§ TASK STATEMENT:
Among the lines below, copy exactly those from the one with "If you don't" through the one with "#15 measuring spoon at [632, 906, 795, 1015]", counting both ends.
[[ RECORDED INFORMATION, beginning ]]
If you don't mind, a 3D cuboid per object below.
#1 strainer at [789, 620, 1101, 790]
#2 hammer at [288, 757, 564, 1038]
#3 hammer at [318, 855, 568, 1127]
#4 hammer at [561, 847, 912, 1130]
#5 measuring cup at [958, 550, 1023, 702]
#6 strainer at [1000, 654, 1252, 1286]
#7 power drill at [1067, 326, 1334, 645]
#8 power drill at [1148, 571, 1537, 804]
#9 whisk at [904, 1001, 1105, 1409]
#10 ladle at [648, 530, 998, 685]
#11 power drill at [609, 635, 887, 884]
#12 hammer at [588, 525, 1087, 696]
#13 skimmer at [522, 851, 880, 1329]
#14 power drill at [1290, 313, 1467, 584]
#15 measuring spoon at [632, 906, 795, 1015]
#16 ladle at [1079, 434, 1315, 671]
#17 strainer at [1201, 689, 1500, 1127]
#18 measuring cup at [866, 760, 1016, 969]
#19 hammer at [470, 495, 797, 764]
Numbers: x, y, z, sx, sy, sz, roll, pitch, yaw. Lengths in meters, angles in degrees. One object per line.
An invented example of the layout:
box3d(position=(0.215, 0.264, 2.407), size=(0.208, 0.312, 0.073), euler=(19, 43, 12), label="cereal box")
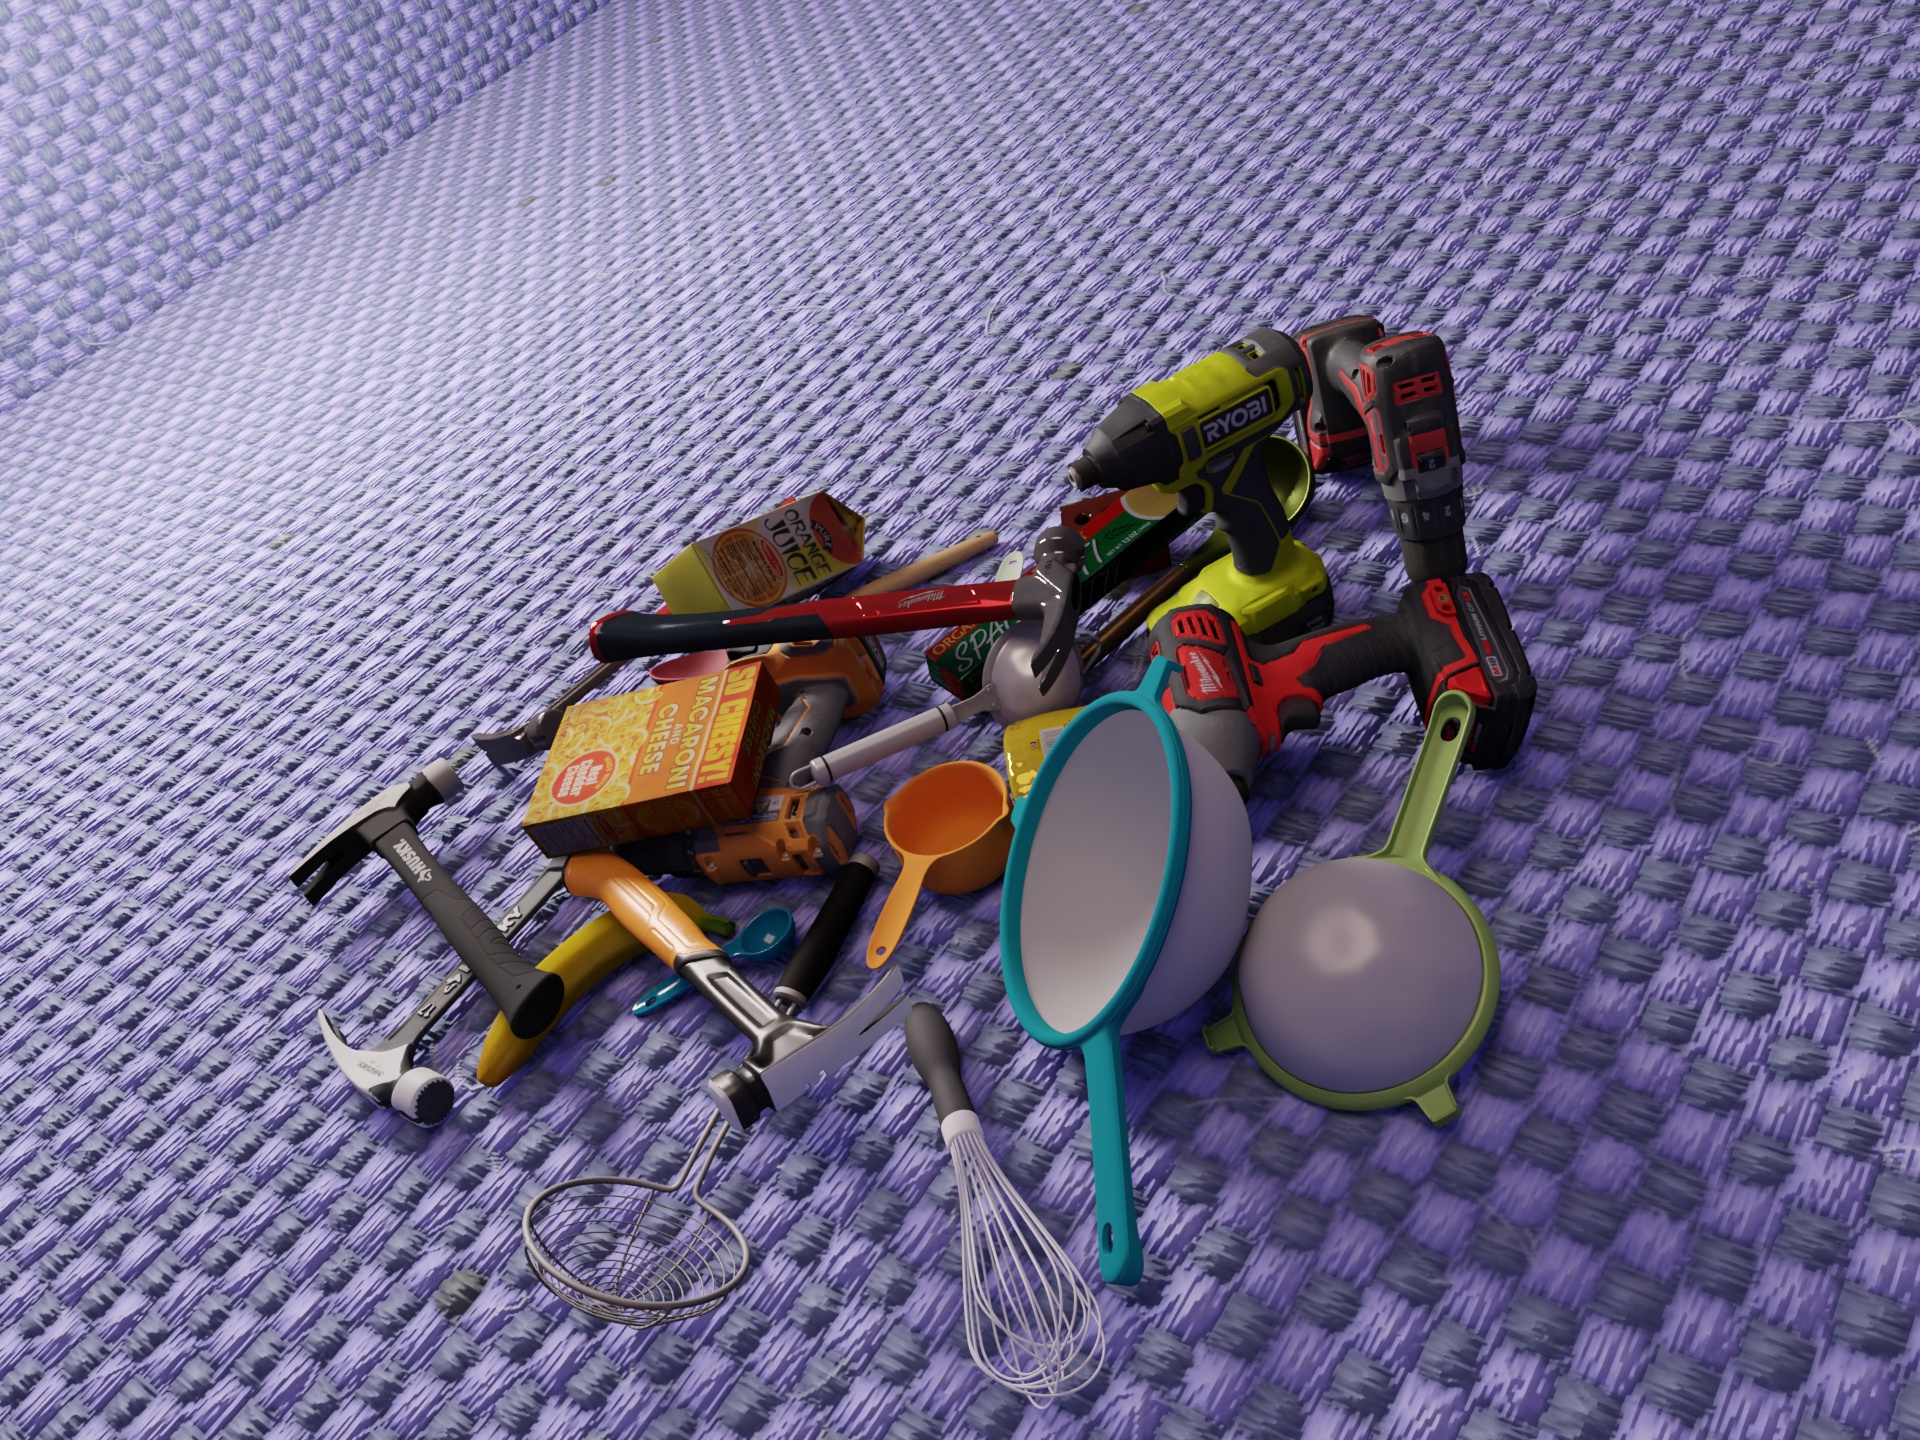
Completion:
[[ RECORDED INFORMATION, end ]]
[[ RECORDED INFORMATION, beginning ]]
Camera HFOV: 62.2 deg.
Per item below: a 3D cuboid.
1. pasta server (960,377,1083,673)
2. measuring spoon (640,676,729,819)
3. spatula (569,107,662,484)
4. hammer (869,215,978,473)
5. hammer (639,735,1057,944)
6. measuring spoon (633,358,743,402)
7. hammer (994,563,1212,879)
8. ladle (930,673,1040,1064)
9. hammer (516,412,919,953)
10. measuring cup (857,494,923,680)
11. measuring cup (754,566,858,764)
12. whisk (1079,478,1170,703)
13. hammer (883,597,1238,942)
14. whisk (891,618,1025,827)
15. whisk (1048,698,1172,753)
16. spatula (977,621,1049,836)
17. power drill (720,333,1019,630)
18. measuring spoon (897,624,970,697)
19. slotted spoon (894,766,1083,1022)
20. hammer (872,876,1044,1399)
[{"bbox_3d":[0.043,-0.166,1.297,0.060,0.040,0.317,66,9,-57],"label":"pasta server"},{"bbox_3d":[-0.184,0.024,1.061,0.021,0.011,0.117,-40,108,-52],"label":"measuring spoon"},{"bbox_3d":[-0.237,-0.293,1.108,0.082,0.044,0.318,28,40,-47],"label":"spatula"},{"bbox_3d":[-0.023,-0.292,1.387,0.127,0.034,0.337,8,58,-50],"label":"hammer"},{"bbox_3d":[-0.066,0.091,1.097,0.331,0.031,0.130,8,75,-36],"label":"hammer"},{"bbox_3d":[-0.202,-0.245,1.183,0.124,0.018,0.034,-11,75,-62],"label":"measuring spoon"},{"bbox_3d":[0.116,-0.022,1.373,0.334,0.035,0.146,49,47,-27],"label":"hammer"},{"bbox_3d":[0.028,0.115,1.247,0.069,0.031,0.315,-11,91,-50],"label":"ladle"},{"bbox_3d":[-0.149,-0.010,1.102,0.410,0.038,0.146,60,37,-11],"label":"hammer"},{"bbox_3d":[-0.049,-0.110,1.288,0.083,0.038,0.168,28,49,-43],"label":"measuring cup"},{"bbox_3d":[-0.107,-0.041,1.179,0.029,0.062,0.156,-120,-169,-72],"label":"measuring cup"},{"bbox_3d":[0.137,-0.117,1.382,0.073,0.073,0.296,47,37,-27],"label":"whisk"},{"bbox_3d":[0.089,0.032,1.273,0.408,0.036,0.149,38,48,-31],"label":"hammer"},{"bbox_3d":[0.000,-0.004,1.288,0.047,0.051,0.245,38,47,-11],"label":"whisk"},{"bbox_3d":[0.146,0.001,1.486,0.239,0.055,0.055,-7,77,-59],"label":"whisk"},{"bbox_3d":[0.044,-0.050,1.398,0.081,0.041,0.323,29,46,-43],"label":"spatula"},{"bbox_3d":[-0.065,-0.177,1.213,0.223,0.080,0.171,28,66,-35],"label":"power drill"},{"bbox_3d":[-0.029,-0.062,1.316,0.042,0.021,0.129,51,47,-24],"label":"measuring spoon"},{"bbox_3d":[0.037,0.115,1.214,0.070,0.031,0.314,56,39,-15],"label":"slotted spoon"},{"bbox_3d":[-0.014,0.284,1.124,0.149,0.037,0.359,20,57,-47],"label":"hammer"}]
[[ RECORDED INFORMATION, end ]]
§ YOUR RESPONSE:
If you don't mind, a 3D cuboid per object below.
#1 strainer at [789, 620, 1101, 790]
#2 hammer at [288, 757, 564, 1038]
#3 hammer at [318, 855, 568, 1127]
#4 hammer at [561, 847, 912, 1130]
#5 measuring cup at [958, 550, 1023, 702]
#6 strainer at [1000, 654, 1252, 1286]
#7 power drill at [1067, 326, 1334, 645]
#8 power drill at [1148, 571, 1537, 804]
#9 whisk at [904, 1001, 1105, 1409]
#10 ladle at [648, 530, 998, 685]
#11 power drill at [609, 635, 887, 884]
#12 hammer at [588, 525, 1087, 696]
#13 skimmer at [522, 851, 880, 1329]
#14 power drill at [1290, 313, 1467, 584]
#15 measuring spoon at [632, 906, 795, 1015]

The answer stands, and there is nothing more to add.